Multimedia Semantics - Conceptualization of the multimedia content, Extraction and representation of

information knowledge standards formal

Giorgos Stamou and Stefanos Kollias
Institute of Communication and Computer Systems,
National Technical University of Athens, Greece

Definition: Multimedia semantics deals with the question how to conceptually index, search and retrieve the digital multimedia content, which means how to extract and represent the semantics of the content of the multimedia raw data in a human and machine-understandable way.

Conceptualization of the multimedia content

The late advances in computer and communication technologies caused a huge increase of digital multimedia information distributed over the web. On the one hand, the production line of digital multimedia content can now be followed by everyone: the production houses shoot high quality video in digital format; organizations that hold multimedia content (TV channels, film archives, museums, libraries, etc.) digitize it and use the different digital formats for preservation, management and distribution; most of people has digital cameras, scanners etc and produces image and video content in MPEG and JPEG formats, ready to be delivered. On the other hand, due to the maturity of storage and data network technologies, digital formats provide now the most cheap, safe and easy way to store and deliver multimedia content even in high resolutions. And, of course, a great role in this pace chain has been played by the standardization activities that provided MPEG, JPEG and other digital coding formats.

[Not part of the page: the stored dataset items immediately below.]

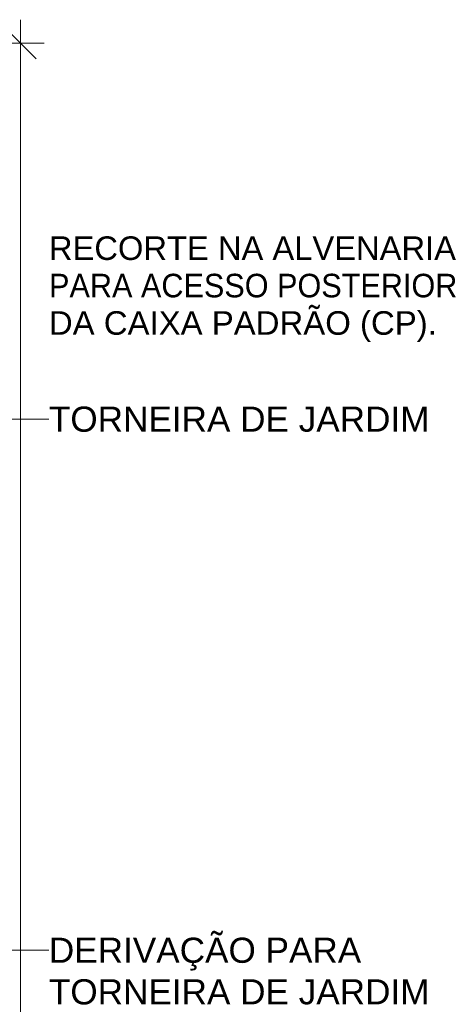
# Model space of a CAD drawing. Header units: metres. Extents: x -17.4 to -12.3, y -17 to 1.
# Tile 72 of 72: x -12.635 to -12.368, y 0.238 to 0.865. Entities that reach past the tile are written whole.
import ezdxf

# ---------------------------------------------------------------- set-up
doc = ezdxf.new("R2010")
doc.units = ezdxf.units.M
for name, color, linetype, lineweight in [('A-ANNO-DIMS', 7, 'Continuous', 9), ('A-ANNO-DIMS-10', 7, 'Continuous', 9), ('G-ANNO-TEXT', 7, 'Continuous', 9)]:
    doc.layers.add(name, color=color, linetype=linetype, lineweight=lineweight)
doc.styles.add('Arial_6', font='arial.ttf', dxfattribs={"height": 0.015})
doc.styles.add('Arial_7', font='arial.ttf', dxfattribs={"height": 0.025})
doc.styles.add('Arial_8', font='arial.ttf', dxfattribs={"height": 0.016})
doc.dimstyles.new('Com_linha__ref__contínua__-_Cor_Vermelha_Arial_2_5mm_5', dxfattribs={"dimscale": 0.3048, "dimtxt": 0.025506, "dimasz": 0.065617, "dimexe": 0.049213, "dimexo": 0.049213, "dimgap": 0.004921, "dimtad": 1, "dimlfac": 100, "dimrnd": 0.01, "dimdsep": 46, "dimtxsty": 'Arial_7', "dimblk1": 'OBLIQUE', "dimblk2": 'OBLIQUE', "dimsah": 1, "dimcen": 0.09, "dimdle": 0.049213, "dimazin": 0, "dimtfac": 1, "dimtdec": 4, "dimtix": 1, "dimtmove": 0, "dimatfit": 3, "dimfxl": 1, "dimtvp": 1, "dimtolj": 1, "dimtzin": 0, "dimarcsym": 2})

# ---------------------------------------------------------------- blocks, each defined once
blk = doc.blocks.new('DIMBLOCK25-A')
at = {"layer": 'A-ANNO-DIMS-10', "color": 242, "true_color": 0xbd2b2e}
for p, q in [((-12.63437, 0.85), (-12.64437, 0.86)), ((-12.63437, -0.165), (-12.63437, 0.865)), ((-12.63437, 0.85), (-12.878, 0.85)), ((-12.63437, 0.85), (-12.62437, 0.84)), ((-12.63437, 0.85), (-12.61937, 0.85)), ((-12.63437, -0.15), (-12.64437, -0.14)), ((-12.63437, -0.15), (-12.64937, -0.15)), ((-12.63437, -0.15), (-12.62437, -0.16)), ((-12.63437, -0.15), (-12.63351, -0.15))]:
    blk.add_line(p, q, dxfattribs=at)
at = {"layer": 'A-ANNO-DIMS-10', "color": 0, "insert": (-12.66832, 0.32116), "char_height": 0.025, "width": 0.0692207, "attachment_point": 1, "rotation": 90, "line_spacing_factor": 0.941778, "style": 'Arial_7'}
blk.add_mtext('100', dxfattribs=at)
blk = doc.blocks.new('_Oblique')
at = {"color": 0, "linetype": 'ByBlock', "lineweight": -2}
blk.add_line((-0.5, -0.5), (0.5, 0.5), dxfattribs=at)

msp = doc.modelspace()

# ---------------------------------------------------------------- linework, layer by layer
at = {"layer": 'G-ANNO-TEXT'}
for p, q in [((-12.78039, 0.61069), (-12.61633, 0.61069)), ((-12.87993, 0.27257), (-12.61633, 0.27257))]:
    msp.add_line(p, q, dxfattribs=at)

# ---------------------------------------------------------------- texts
at = {"layer": 'G-ANNO-TEXT', "attachment_point": 1}
for s, insert, char_height, width, style in [('RECORTE NA ALVENARIA ', (-12.61633, 0.72704), 0.015, 0.3238818, 'Arial_6'), ('PARA ACESSO POSTERIOR ', (-12.61633, 0.70323), 0.015, 0.346329, 'Arial_6'), ('DA CAIXA PADRÃO (CP).', (-12.61633, 0.67941), 0.015, 0.3006328, 'Arial_6'), ('TORNEIRA DE JARDIM', (-12.61633, 0.61869), 0.016, 0.3006328, 'Arial_8'), ('DERIVAÇÃO PARA', (-12.61633, 0.28057), 0.016, 0.2461181, 'Arial_8'), ('TORNEIRA DE JARDIM', (-12.61633, 0.25411), 0.016, 0.3006328, 'Arial_8')]:
    msp.add_mtext(s, dxfattribs=dict(at, insert=insert, char_height=char_height, width=width, style=style))

# ---------------------------------------------------------------- dimensions: what is measured, and where the dimension line sits
at = {"layer": 'A-ANNO-DIMS', "color": 242, "true_color": 0xbd2b2e}
dim = msp.add_linear_dim(base=(-12.63437, 0.85), p1=(-12.64851, -0.15), p2=(-12.893, 0.85), angle=90, dimstyle='Com_linha__ref__contínua__-_Cor_Vermelha_Arial_2_5mm_5', override={"dimpost": '<>', "dimfxl": 1.029454}, dxfattribs=at)
dim.commit()
dim.dimension.update_dxf_attribs({"geometry": 'DIMBLOCK25-A', "text_midpoint": (-12.64863, 0.35)})

doc.saveas('drawing.dxf')

The amount of multimedia information delivered on the Web is now so huge that the improvement of the coding standards and web technologies is not enough to satisfy the needs of the end user in the searching and retrieving process. Although the standardization activities of the ISO (and other) communities (MPEG-7, MPEG-21, Dublin Core, etc.) have provided standards for describing the content, using formal representation languages like XML, these standards have not been widely used mainly for two reasons. The first is that the task of manually annotating the multimedia content in the standard metadata form is difficult and time-consuming, thus very expensive. The second is that the representation languages used by the standards (like XML and XML Schema) do not provide any way to formally represent semantics, thus do not solve the problem. The main question is how to conceptually index, search and retrieve the digital multimedia content, which means how to extract and represent the semantics of the content of the multimedia raw data in a human and machine-understandable way.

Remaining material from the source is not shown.